New year's resolution No. 1: Get OpenBSD

Kick off 2007 with a new, more secure operating system

Although many readers think I'm a Windows-only zealot, one of my other favorite OSes is OpenBSD. I run a few flavors of Linux as well, but I use OpenBSD as my honeynet (a network of honeypots) firewall and to explore the criminal side of the Net. There is no better secure, popular OS than OpenBSD.

Project founder Theo de Raadt created OpenBSD in 1995 as a more secure and open alternative to NetBSD and Linux. De Raadt and his project team are legendary in their pursuit of openness and security. They worked hard to scrub every proprietary and non-open piece of source code out of the kernel. The name OpenBSD comes from the fact that its source code can easily be examined on the Web or by using other tools. Open also means that it supports many platforms, including i386, Alpha, HP, Mac (both Motorola and iMac chipsets), Vax, Sparc, and SGI.

The founders and maintainers of OpenBSD are the kings of security. Nothing goes into OpenBSD before a gauntlet of security reviews, and the source code is constantly examined, re-examined, extended, and updated in developer-focused hack-a-thons.

Crypto is baked-in and turned on by default. Kerberos V is built-in. In 1997, OpenBSD was the first OS with IPSec support. It has native support for many cryptographic hardware accelerator cards. You want to use remote admin? Then you’re going to use an encrypted channel (e.g., OpenSSH). FTP supports HTTPS. Passwords are protected by Blowfish encryption (called bcrypt hashes), which are considered the strongest password hashes available.

The overarching goal is to be the most secure operating system. To date, only one remote vulnerability has been found in the OpenBSD kernel. Critics often counter -- and rightly so -- that no one runs just the kernel, and that other common add-ons (again, OpenSSH) have been found with bugs.
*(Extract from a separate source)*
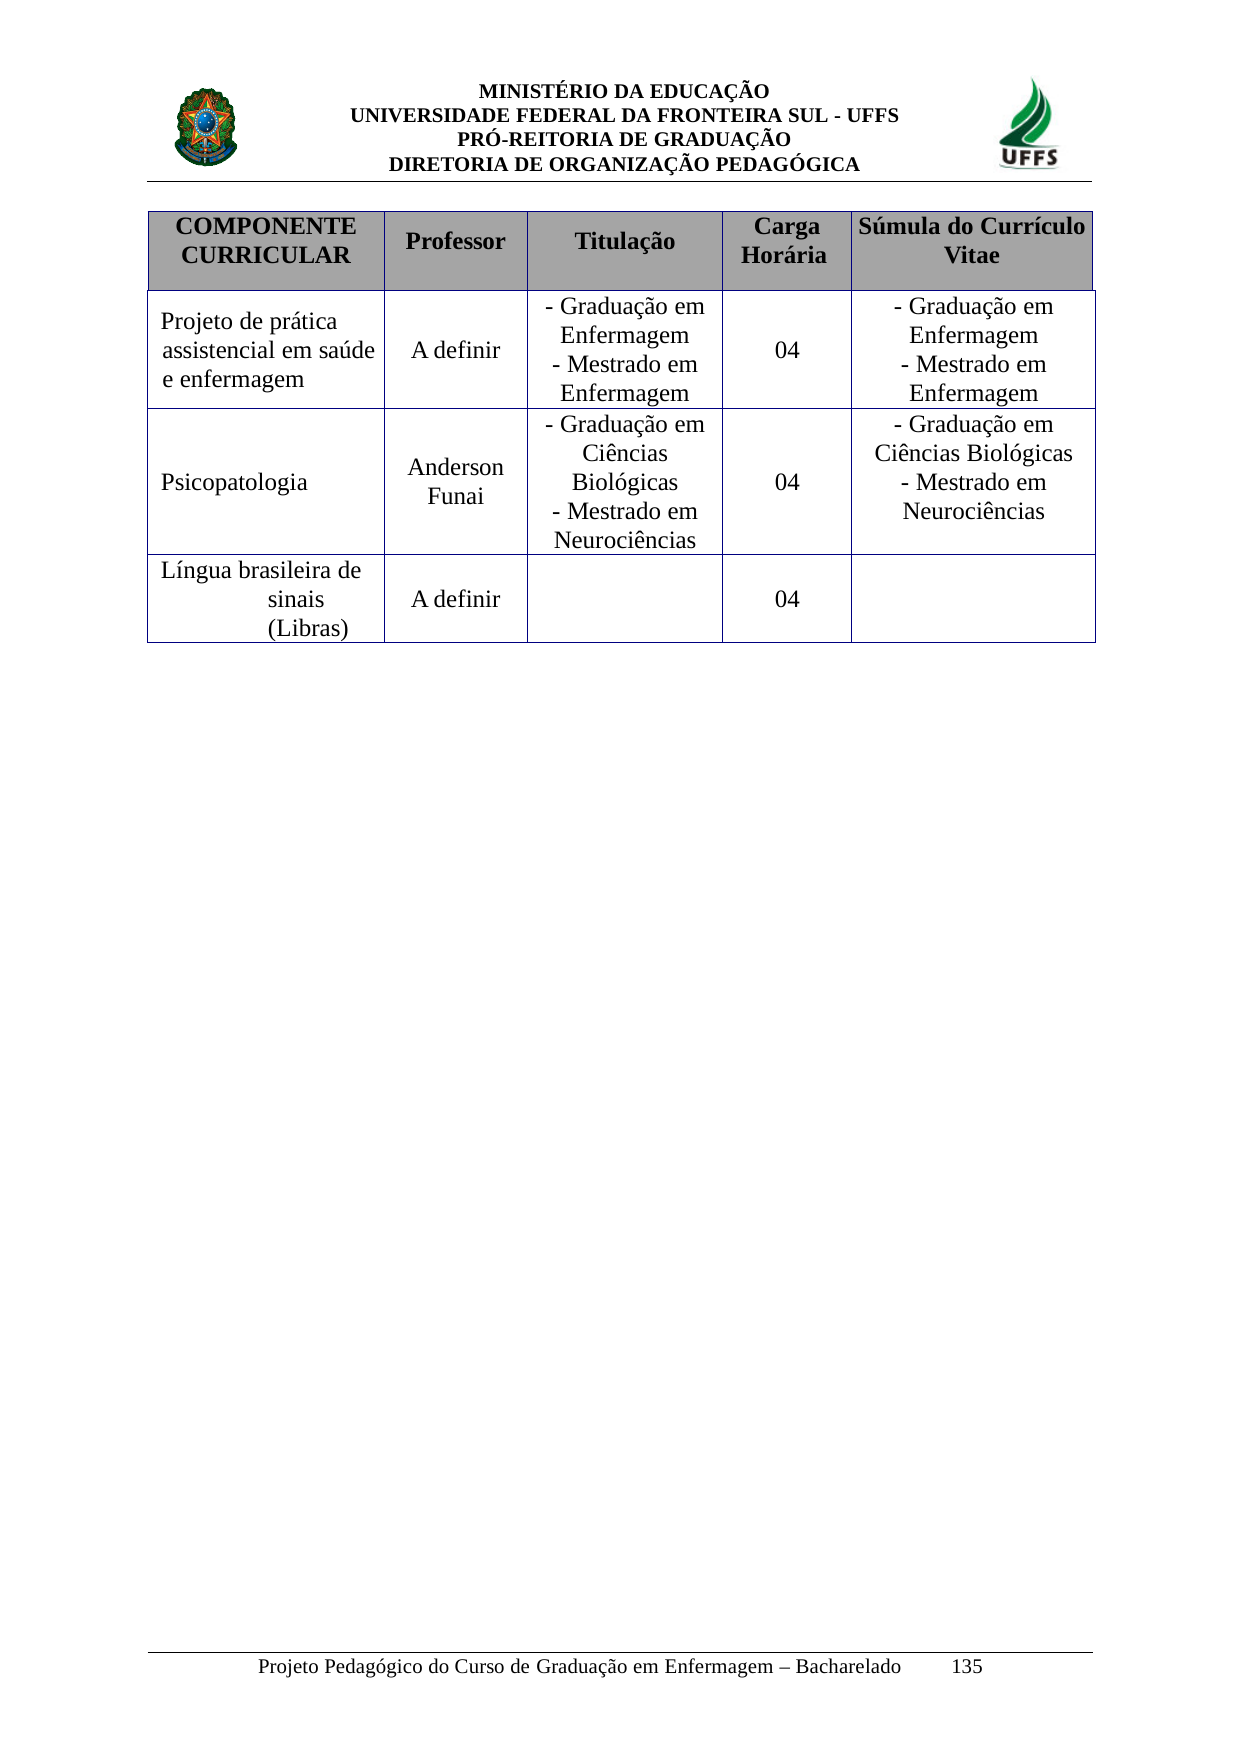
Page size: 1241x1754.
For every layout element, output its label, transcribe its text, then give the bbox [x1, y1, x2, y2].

That may be right, but few other OSes can say that in 10 years of existence, outsiders found only one kernel bug. It’s quite the record.
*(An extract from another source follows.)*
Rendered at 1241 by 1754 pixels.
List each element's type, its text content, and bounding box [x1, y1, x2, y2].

OpenBSD is especially known for its Packet Filter (PF) firewall software, considered one of the most protective and straightforward firewalls available. You need a chrooted service? Nobody does it better than OpenBSD. In fact, think of any generally available security feature, and it's highly likely that it’s available or installable on OpenBSD, albeit in a more secure form.

Security comes at the price of decreased user friendliness and difficult installs from a lack of supported drivers. OpenBSD earned its reputation for being difficult to configure after the install, because what does get installed is minimalist in nature by default. For example, PF is a strong firewall, but it doesn’t include all the cute little features that are available in today’s massively bloated firewalls. It does what you tell it to do, no more and no less -- and without holes.

OpenBSD is shipped secure-by-default, with all non-essential services disabled. You won’t find NFS, Mountd, or Apache enabled by default. The \bin and \sbin folders will be emptier than other Linux or BSD distros. Install OpenBSD and you can be assured that it doesn’t default to an insecure state.

Theo de Raadt is known for being rather abrasive when it comes to OpenBSD and its security. I’ve never met the man so I don’t know for sure. Per other articles I’ve read, he has angered many with his firm stance on security and doesn’t suffer fools, whiners, or middle-of-the-road security advocates lightly. But shouldn’t we have at least one publicly available OS that simply says security is the No. 1 concern and everything else is secondary?

If you are new to Linux or BSD, I suggest buying an OpenBSD book. My current favorite is Absolute OpenBSD: Unix for the Practical Paranoid by Michael W. Lucas from No Starch Press. Anyone should be able to read this book, download OpenBSD, and get it running as quickly as possible.

So make another new year’s resolution. Download and install OpenBSD and see what it can do for you.